What is “normal” is person specific. The only times for me were when wife wasnt available. Ill or recovering from childbirth or I was away on business trip. 

You mentioned ED. Is that what he has? Has your high drive gotten him afraid he cant keep with you?


----------



## babydean78 (4 mo ago)

He does have ED and he takes stuff to help and yes he has said he is worried about that, and that I wear him out. I have been very understanding about it all I've backed off let him be the one that initial having sex but it seems like he just isn't interested and if I come on to him he says I'm tired.


----------



## Rus47 (Apr 1, 2021)

SCDad01 said:


> Sex three times a day? Do neither of you work?


It doesnt have to take hours out of a person’s day. Maybe 15-45 minutes per encounter? A quicky can be 5 minutes. So at most, 2-3 three hours out of a day. Lotta people watch the damned tube more time than that!


----------



## Rus47 (Apr 1, 2021)

babydean78 said:


> He does have ED and he takes stuff to help and yes he has said he is worried about that, and that I wear him out. I have been very understanding about it all I've backed off let him be the one that initial having sex but it seems like he just isn't interested and if I come on to him he says I'm tired.


This is going to seem crazy, but doing himself he only has himself to please. Doing you he has to perform. I don’t buy him being toi tired cuz if he was then he wouldn’t be doing himself. The need to perform is causing some anxiety imo.

Would he let you take total control? Would you be willing to do that? Tell him to just relax and enjoy. What would happen if you undressed him, worked to arouse him, and took the superior position?

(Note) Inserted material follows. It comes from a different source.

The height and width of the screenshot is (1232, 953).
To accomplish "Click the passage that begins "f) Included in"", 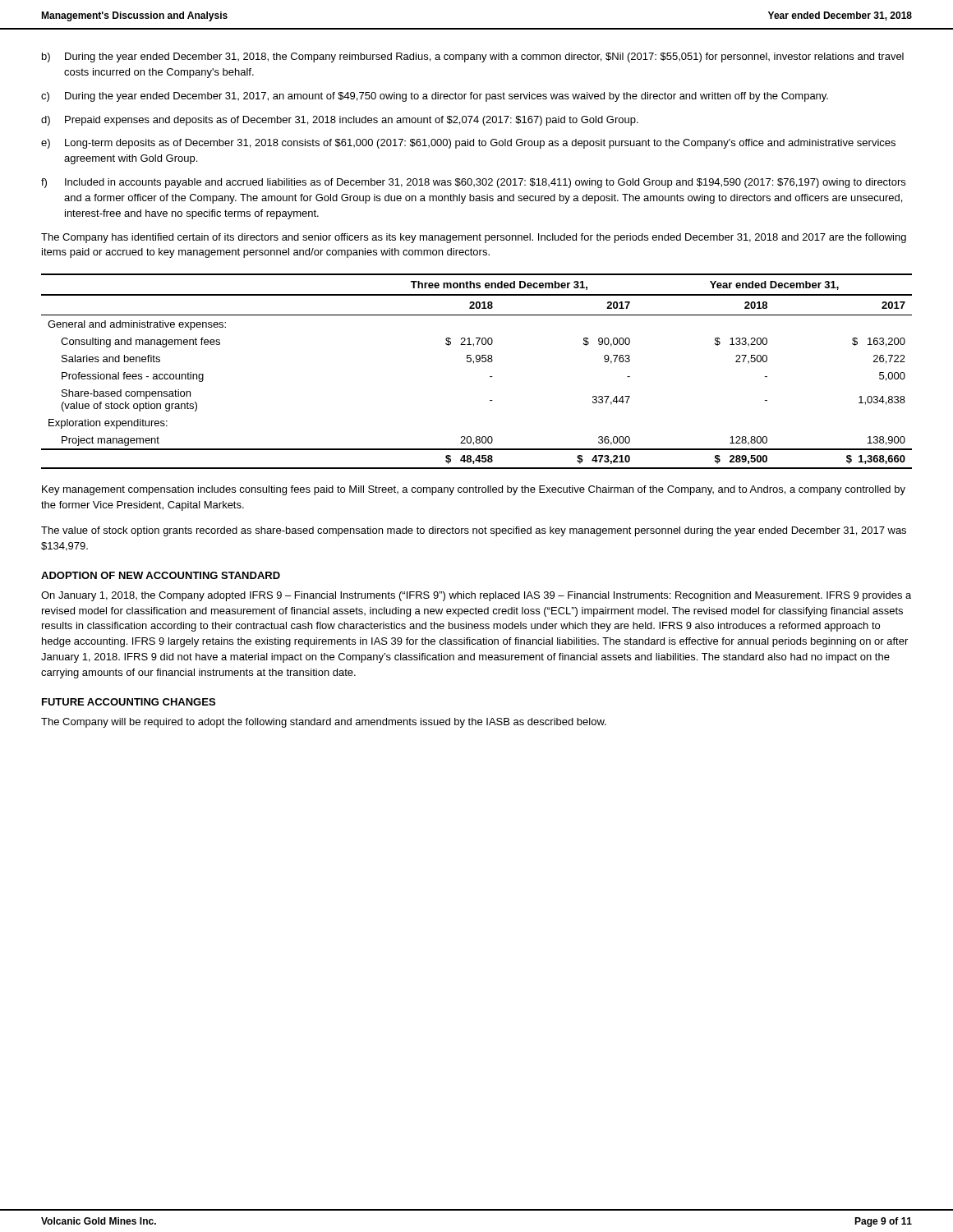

BTW, him not wanting you to do him while is driving is understandable. I drew line on that when wife n I dating, was afraid of having a wreck. There was a “joke” about that back in the day


----------



## babydean78 (4 mo ago)

He has let me take control but I could feel his body tense and almost like he was embarrassed and I was very soft and loving and made it all about him and he just looked away and said I can't meaning he couldn't get an erection, it was really hard not to think it was me but after just laying on his chest he became aroused. I'm just trying to understand all this and ED and do feel bad because I have a high freaky sex drive


----------



## Rus47 (Apr 1, 2021)

He maybe doesn't know how to handle an enthusiastic female. Do you know his history before you? Are you GF/BF or married? 

My only partner ever is ny wife. And she responds but has never been aggressive sexually. I can imagine that might be a little scary to an inexperienced.

Like someone else wrote, many men think an aggressive woman would be heavenly, if they actually encountered one they wouldn’t know how to handle it.

Before he moved in with you, he controlled when an how often he had to perform. Now he moved in and he is maybe wondering “how many times is she expecting it today?” So performance anxiety ED. If he is under forty he shouldn't be needing ED meds.

BTW, a lot of men have refractory times as long as 24 hours. So for them PIV 3 times a day is a physical impossibility. Now if you are ok with oral and toys, he should have no problem either.


----------



## babydean78 (4 mo ago)

He just got divorced about a year ago and he said it was very basically and then was not at all he dated a girl before and he said the sex was good but he had to take his him pills. He doesn't always have to take them with me that's why I get worried its me,I'm trying to be very supportive. I'm open to toys he isn't sure never been with anyone who used one and he is awesome at oral and I love returning the favor in fact I'm ok with just giving him a bj and falling asleep together but he said after he started having issues in his marriage and ed and the pulls he can't ejaculate from a bj which is a blow to my ego , and I know selfish of me to think that but I'm still a loss


----------



## Rus47 (Apr 1, 2021)

babydean78 said:


> He just got divorced about a year ago and he said it was very basically and then was not at all he dated a girl before and he said the sex was good but he had to take his him pills. He doesn't always have to take them with me that's why I get worried its me,I'm trying to be very supportive. I'm open to toys he isn't sure never been with anyone who used one and he is awesome at oral and I love returning the favor in fact I'm ok with just giving him a bj and falling asleep together but he said after he started having issues in his marriage and ed and the pulls he can't ejaculate from a bj which is a blow to my ego , and I know selfish of me to think that but I'm still a loss


Ok, so his needing pills isnt you. He needed them before you. So you going to have to train him about toys. If he good at going down on you, seems all is good. He can satisfy you when he isnt ready for penetration. Just mix things up. Sounds like you can teach him a thing or three.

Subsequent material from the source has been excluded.